:: PROBLEM DETAILS ::
Reproduce exactly the span of lines that opens with the line containing "The image spans 60.0° horizontally." and closes with the last line of the entries below.

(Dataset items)

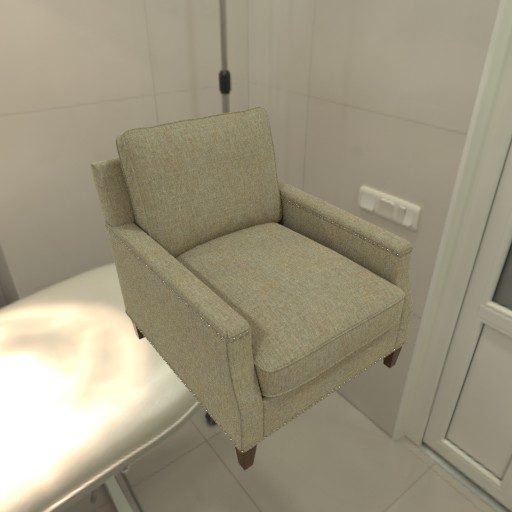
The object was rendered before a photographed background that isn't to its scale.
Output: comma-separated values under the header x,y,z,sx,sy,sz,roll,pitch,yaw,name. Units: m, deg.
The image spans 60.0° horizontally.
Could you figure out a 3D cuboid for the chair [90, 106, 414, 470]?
x,y,z,sx,sy,sz,roll,pitch,yaw,name
0.000,0.000,1.755,0.853,0.943,1.014,-22,37,-31,chair

:: REPLY TO THE TASK ::
The image spans 60.0° horizontally.
Could you figure out a 3D cuboid for the chair [90, 106, 414, 470]?
x,y,z,sx,sy,sz,roll,pitch,yaw,name
0.000,0.000,1.755,0.853,0.943,1.014,-22,37,-31,chair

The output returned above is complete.